LOVE POTION #9

REVIEWED BY CHARITY BISHOP

 

Our rating: 2 out of 5

Because of: sexual content, language, thematic elements

Rated:

 


I used to love the song by the same title, about the young man who went to a gypsy and received a love potion, then drank it and went about kissing random people on the street, before the bottle of potion was broken by an infuriated policeman. When the song began to play through the introduction credits, I had a feeling this movie was going to amuse me. It did.

 

Paul Matthews (Tate Donovan) has no success with women. Every time he tries to impress one, he strikes out. A geeky biochemist with no social skills and overly ambitious friends, his attempts to even talk to the beautiful girls he meets at the bar are thwarted by his own inadequacies. Having visited a gypsy fortune teller with his friends, the old crone gives him a potion that she promises will make any woman fascinated with what he has to say. Tossing the smudge of scarlet potion into the trash can, Paul doesn't believe it's true until his cat accidentally gets into it. One meow has the household crawling with strays. Excited about the potential for such a drug, Paul takes it to his equally-socially-challenged partner Dianne Farrow (Sandra Bullock) and has her test-try it out on her monkeys. The drug drives them ballistic. 

 

Deciding it's time to give it a real test drive, the two split up the rest of the potion in a convenient mouth-spray and agree not to speak for two weeks. Paul heads back to the bar to humiliate the gorgeous blonde that turned him down the first time around. Dianne, quite by accident, lands herself a charming prince. Literally. The potion works so miraculously that the two of them are able to get everything they ever wanted, but in the hours they're not manipulating the eardrums of the opposite sex, the two of them are discovering that true love can be found right in the lab. Dianne and Paul seem destined for an everlasting love, when a former man in her life swoops in and carries her away. Paul is left confused, upset, and frustrated, but determined to get to the bottom of it and win back Dianne's heart.

 

One word to sum up this film in its entirety would be "quirky." It doesn't try to be believable and isn't, but the audience is having too much fun to care. It follows a non-predictable format (for the most part) and throws in some moments intended for nothing more than hilarity. Imagine what might happen if you could charm everyone you know into doing whatever you asked them to. One of the more amusing moments has a young woman being chased by all the men in the city. When finally cornered, she has them hop around on one foot and touch their finger to their nose. What was the most fun for me was seeing Sandra Bullock go from being "ugly" to "beautiful." She starts out as a gap-toothed geek with bad hair and thick glasses, and winds up the jaw-dropping lady we know and love.
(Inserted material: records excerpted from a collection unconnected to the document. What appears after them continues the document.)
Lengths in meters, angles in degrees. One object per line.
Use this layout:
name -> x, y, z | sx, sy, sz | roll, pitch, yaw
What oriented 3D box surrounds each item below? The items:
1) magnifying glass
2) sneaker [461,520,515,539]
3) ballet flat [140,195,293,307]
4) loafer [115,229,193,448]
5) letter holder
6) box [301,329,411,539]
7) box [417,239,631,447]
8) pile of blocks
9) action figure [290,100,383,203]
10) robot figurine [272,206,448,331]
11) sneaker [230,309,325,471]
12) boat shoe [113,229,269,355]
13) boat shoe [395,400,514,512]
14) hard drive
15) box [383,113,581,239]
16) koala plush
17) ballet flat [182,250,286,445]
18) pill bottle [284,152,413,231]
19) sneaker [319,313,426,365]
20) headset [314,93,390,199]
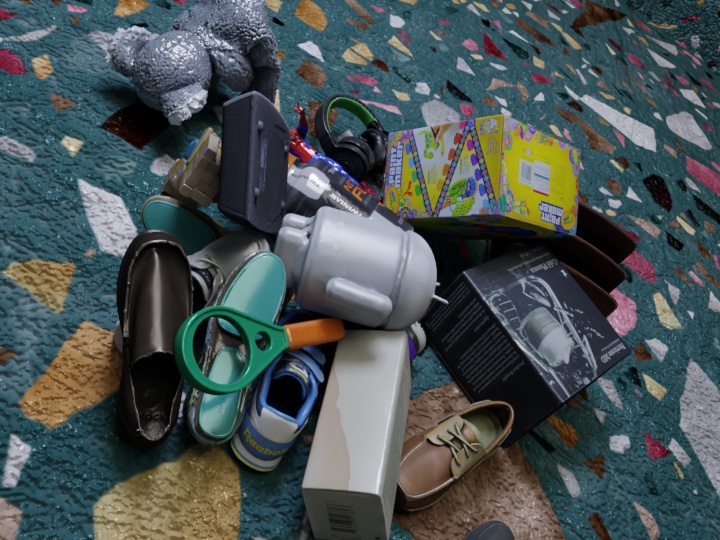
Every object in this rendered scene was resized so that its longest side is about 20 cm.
magnifying glass -> -0.091, 0.069, 0.713 | 0.197, 0.022, 0.081 | -7, 77, -45
sneaker -> 0.124, 0.324, 0.726 | 0.075, 0.080, 0.200 | 38, 40, 2
ballet flat -> -0.165, -0.019, 0.859 | 0.198, 0.069, 0.063 | 36, 13, -5
loafer -> -0.183, 0.064, 0.677 | 0.072, 0.071, 0.205 | 1, 89, -30
letter holder -> 0.311, -0.021, 1.121 | 0.197, 0.143, 0.102 | 29, 41, -9
box -> 0.003, 0.165, 0.758 | 0.076, 0.096, 0.202 | 1, 41, 11
box -> 0.217, 0.089, 0.973 | 0.198, 0.124, 0.198 | -19, 67, -44
pile of blocks -> -0.175, -0.110, 0.848 | 0.062, 0.199, 0.083 | 32, 84, -23
action figure -> -0.057, -0.151, 1.014 | 0.199, 0.099, 0.065 | 42, 82, 8
robot figurine -> 0.000, 0.000, 0.812 | 0.196, 0.115, 0.171 | 15, 27, -6
sneaker -> -0.072, 0.111, 0.779 | 0.073, 0.083, 0.202 | 25, 41, -10
boat shoe -> -0.166, 0.019, 0.765 | 0.074, 0.065, 0.200 | 46, 61, -1
boat shoe -> 0.105, 0.196, 0.831 | 0.198, 0.074, 0.076 | -23, 67, -45
hard drive -> -0.112, -0.110, 0.798 | 0.041, 0.138, 0.200 | 3, 1, 4
box -> 0.166, -0.117, 1.000 | 0.198, 0.190, 0.125 | 8, 85, -45
koala plush -> -0.221, -0.278, 0.975 | 0.178, 0.185, 0.199 | 46, 54, 12
ballet flat -> -0.132, 0.075, 0.743 | 0.073, 0.074, 0.203 | 25, 65, -13
pill bottle -> -0.038, -0.068, 0.947 | 0.198, 0.107, 0.107 | 35, 41, -3
sneaker -> -0.015, 0.053, 0.880 | 0.199, 0.070, 0.100 | 39, 43, 2
headset -> 0.014, -0.176, 1.089 | 0.123, 0.093, 0.203 | -27, 87, -46

I liked her more than Paul, who simply didn't appeal to me for various reasons.

 

It's unfortunate that the film has a decent amount of sexual content, because otherwise it would be quite cute. Dianne has an on-and-off boyfriend that drops in for sex whenever he's feeling lonely. We see the very end of their latest tryst, before he gets out of bed and goes home. Paul has a woman graphically come on to him in the bar; she straddles his lap, kisses him passionately, and starts to unbuckle his pants. Once getting the hang of the love potion, he loads up on condoms and heads into a female college dorm. He and Dianne share a sexual relationship (implied through numerous afterglow sequences). In an apology for humiliating Paul in front of several women, a friend sends a hooker up to his apartment. She winds up spending an hour in his bathroom brushing her teeth, combing her hair, and ignoring him. After giving the monkeys the medication, one of the male chimps corners the female and humps the cage. There are a dozen profanities and several abuses of Jesus' name, along with some slapstick violence.

 

The gypsy woman that sells him the potion is a palm reader. The emphasis on her is more of sarcasm than any true liaison with the occult. I would have found it more charming if it wasn't so sexually focused, because the premise was quite cute and it did have numerous memorable moments.